There is no cure, but
doctors can treat some symptoms as they occur.
What are the reasons?
Noonan syndrome is
caused by a genetic abnormality. Scientists have identified four genes involved
in the syndrome: PTPN11, SOS1, RAF1 and KRAS.
This syndrome can be
contracted in two ways:
- A genetic mutation is passed on to you from your parents
- The altered gene first occurs while you are still in the womb.
What are the symptoms?
Symptoms are numerous and may be mild, moderate, or severe.
Head, face, and mouth
- Widely spaced eyes
- Deep groove between the nose and mouth
- Low-set ears that arch backward
- Short neck
- Extra skin on the neck (“webbing”)
- Small lower jaw
- High arch in the roof of the mouth
- Crooked teeth
Bones and chest
- Short height (about 70% of patients)
- Either sunken or protruding chest
- Low-set nipples
- Scoliosis
Heart
Most babies with
Noonan syndrome are also born with heart disease. They may have:
- Narrowing of the valve that moves blood from the heart to the lungs
- Swelling and weakening of the heart muscle
- Atrial septal defects
Blood
- Excessive bruising
- Nosebleeds
- Prolonged bleeding after an injury or surgery
- Blood cancer (leukemia)
Puberty
- Delayed puberty
- Testes that don’t descend -- this can cause infertility
Other Symptoms
- Vision or hearing problems
- Feeding problems (these usually improve by age 1 or 2)
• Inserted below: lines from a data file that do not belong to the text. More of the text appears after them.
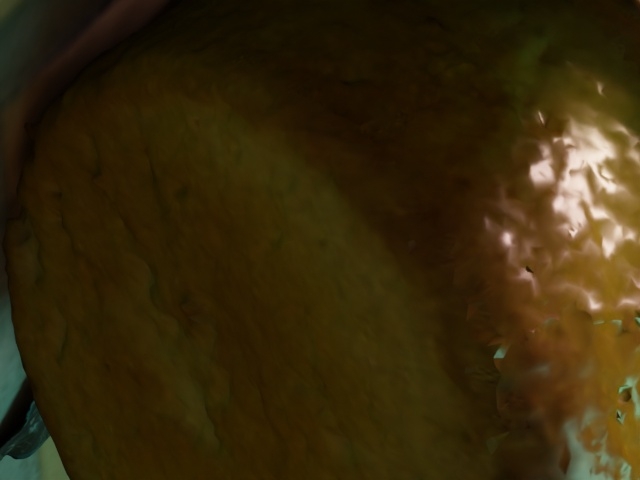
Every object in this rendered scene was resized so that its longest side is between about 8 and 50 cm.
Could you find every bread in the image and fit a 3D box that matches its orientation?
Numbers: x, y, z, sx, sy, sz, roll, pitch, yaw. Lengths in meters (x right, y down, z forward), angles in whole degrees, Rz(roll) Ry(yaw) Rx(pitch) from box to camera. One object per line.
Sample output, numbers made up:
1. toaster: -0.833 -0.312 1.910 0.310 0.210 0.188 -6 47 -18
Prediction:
1. bread: 0.018 0.022 0.583 0.146 0.268 0.268 -29 157 -38

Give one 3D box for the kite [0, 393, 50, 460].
1. kite: -0.025 -0.035 0.820 0.368 0.014 0.406 -50 170 -12
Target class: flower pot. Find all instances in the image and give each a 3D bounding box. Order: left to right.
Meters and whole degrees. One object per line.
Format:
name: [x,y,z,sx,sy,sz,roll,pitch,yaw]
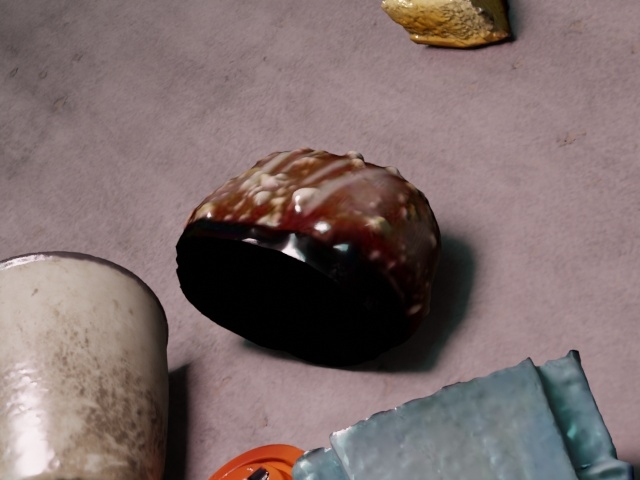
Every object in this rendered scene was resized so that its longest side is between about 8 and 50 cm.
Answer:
flower pot: [-0.311,0.228,1.931,0.293,0.293,0.330,-31,42,17]

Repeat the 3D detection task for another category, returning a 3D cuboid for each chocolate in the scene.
chocolate: [0.000,0.000,1.914,0.340,0.225,0.210,6,49,45]

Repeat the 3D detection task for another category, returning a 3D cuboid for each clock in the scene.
clock: [-0.081,0.311,1.789,0.205,0.051,0.205,-28,36,23]

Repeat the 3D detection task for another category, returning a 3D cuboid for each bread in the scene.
bread: [0.192,-0.347,2.171,0.169,0.140,0.160,10,70,46]

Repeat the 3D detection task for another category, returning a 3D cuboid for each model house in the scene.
model house: [0.157,0.313,1.431,0.295,0.252,0.329,-20,57,-7]
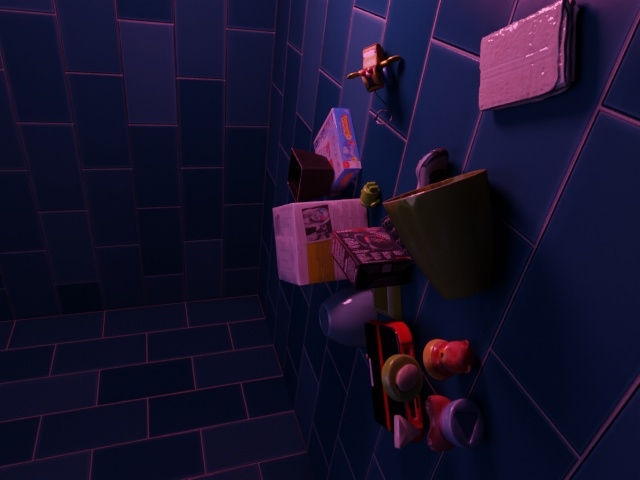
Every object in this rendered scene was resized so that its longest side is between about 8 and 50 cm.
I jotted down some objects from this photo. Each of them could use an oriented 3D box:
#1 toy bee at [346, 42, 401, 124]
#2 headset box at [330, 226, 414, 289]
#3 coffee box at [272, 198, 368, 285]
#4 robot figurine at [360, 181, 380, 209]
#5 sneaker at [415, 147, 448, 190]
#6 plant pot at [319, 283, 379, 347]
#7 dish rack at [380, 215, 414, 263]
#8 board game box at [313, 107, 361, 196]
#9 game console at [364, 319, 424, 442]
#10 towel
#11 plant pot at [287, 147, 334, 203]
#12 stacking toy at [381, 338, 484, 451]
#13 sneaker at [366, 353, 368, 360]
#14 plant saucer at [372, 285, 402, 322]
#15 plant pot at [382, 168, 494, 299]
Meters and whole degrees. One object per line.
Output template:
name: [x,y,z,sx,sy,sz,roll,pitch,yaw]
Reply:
toy bee: [0.196,-0.587,1.614,0.195,0.162,0.298,-33,61,17]
headset box: [0.178,0.051,1.708,0.293,0.218,0.110,-125,36,-55]
coffee box: [0.000,0.000,2.035,0.338,0.334,0.338,-176,81,-70]
robot figurine: [0.195,-0.179,1.841,0.101,0.067,0.115,59,148,38]
sneaker: [0.342,-0.159,1.399,0.108,0.100,0.271,56,152,40]
plant pot: [0.106,0.336,2.012,0.290,0.195,0.290,176,90,-71]
dish rack: [0.284,-0.015,1.467,0.208,0.074,0.271,52,160,0]
board game box: [0.071,-0.397,2.131,0.308,0.086,0.301,134,129,-66]
game console: [0.248,0.477,1.611,0.342,0.060,0.386,149,116,-75]
towel: [0.462,-0.409,1.051,0.282,0.049,0.187,-160,69,-70]
plant pot: [-0.043,-0.295,2.092,0.188,0.167,0.187,-116,29,-46]
stacking toy: [0.329,0.432,1.281,0.130,0.280,0.308,-31,63,57]
sneaker: [0.244,0.494,1.819,0.215,0.084,0.083,-170,72,-70]
plant saucer: [0.251,0.212,1.794,0.188,0.045,0.188,-173,79,-71]
plant pot: [0.340,-0.005,1.217,0.275,0.275,0.293,-4,106,71]
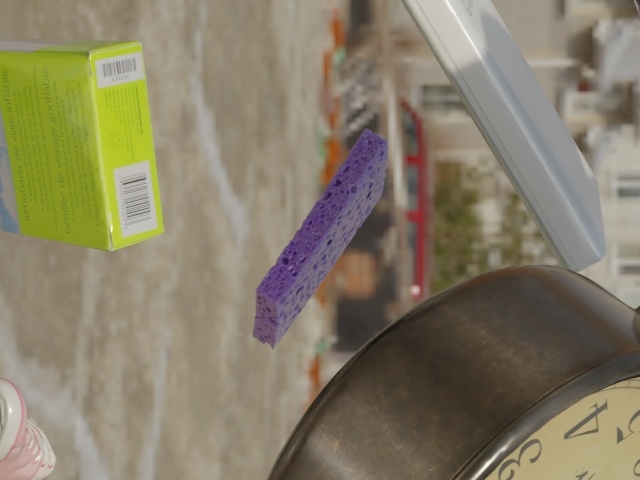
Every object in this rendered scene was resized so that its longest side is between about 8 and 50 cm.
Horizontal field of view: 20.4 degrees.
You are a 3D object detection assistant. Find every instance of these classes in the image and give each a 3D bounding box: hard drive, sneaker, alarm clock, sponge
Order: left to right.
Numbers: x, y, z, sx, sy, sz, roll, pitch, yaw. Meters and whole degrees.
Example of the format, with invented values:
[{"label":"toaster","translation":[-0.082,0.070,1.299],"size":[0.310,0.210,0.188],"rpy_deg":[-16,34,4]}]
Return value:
[{"label":"sneaker","translation":[-0.195,0.121,1.117],"size":[0.051,0.070,0.134],"rpy_deg":[58,-40,21]},{"label":"sponge","translation":[0.000,0.000,1.764],"size":[0.210,0.031,0.117],"rpy_deg":[-55,168,-22]},{"label":"alarm clock","translation":[0.026,0.080,0.446],"size":[0.192,0.064,0.129],"rpy_deg":[-37,141,-23]},{"label":"hard drive","translation":[0.136,-0.139,1.436],"size":[0.307,0.040,0.203],"rpy_deg":[58,16,-14]}]

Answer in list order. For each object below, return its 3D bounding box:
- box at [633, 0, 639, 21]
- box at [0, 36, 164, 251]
[{"label":"box","translation":[0.384,-0.184,1.534],"size":[0.168,0.203,0.167],"rpy_deg":[47,28,-65]},{"label":"box","translation":[-0.163,-0.058,1.000],"size":[0.042,0.178,0.109],"rpy_deg":[-18,108,-41]}]
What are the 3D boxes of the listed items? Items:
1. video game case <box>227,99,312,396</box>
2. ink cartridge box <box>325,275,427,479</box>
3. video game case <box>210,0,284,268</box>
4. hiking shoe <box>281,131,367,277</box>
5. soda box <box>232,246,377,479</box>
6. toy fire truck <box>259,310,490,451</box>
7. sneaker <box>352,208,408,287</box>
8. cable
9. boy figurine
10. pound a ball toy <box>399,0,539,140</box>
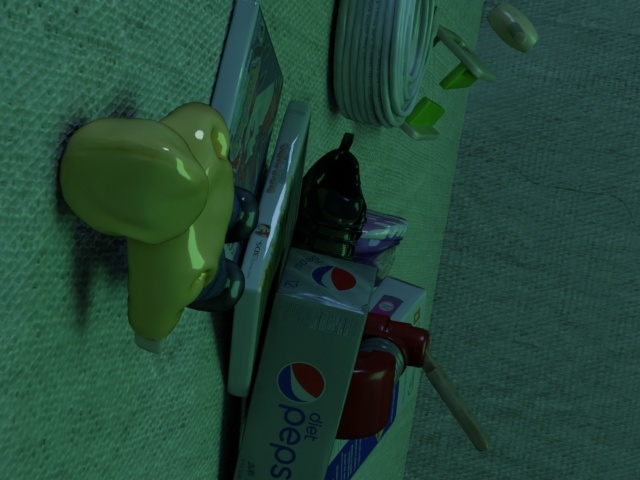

- Mild intellectual or development disability (although most have normal intelligence)
- Puffy feet and hands (in infants)
How is it diagnosed?
Before your baby is
born, your doctor may suspect Noonan syndrome if a pregnancy ultrasound shows:
- Extra amniotic fluid around your baby in the amniotic sac
- A cluster of cysts in your baby’s neck
- Problems with the structure of the heart or other structural problems
Your doctor may also
suspect Noonan syndrome if you have abnormal results from a specialized
prenatal test called a triple maternal serum screen.
Most of the time, he
will know that your baby has the condition at birth or shortly after he is
seen. But sometimes it is difficult to recognize and diagnose.
What is the treatment?
Your doctor will prescribe treatment for your child's symptoms or
complications. For example, growth hormones can help with growth problems.
What else should I know?
If you have Noonan
syndrome, you may be wondering if your future children will have it. It depends
on your family history
If one of your parents
has the disease, they have a 50% chance of passing it on to you.
But if you have
Noonan syndrome and no one in your family has it, you may have inherited the
defective gene. Doctors call this a "de novo mutation." In this case,
your chances of passing it on to an unborn child are very low - less than 1%.
If you are concerned, consult with a geneticist. They can run tests to look for mutations that occur with this syndrome and help confirm if your child has it.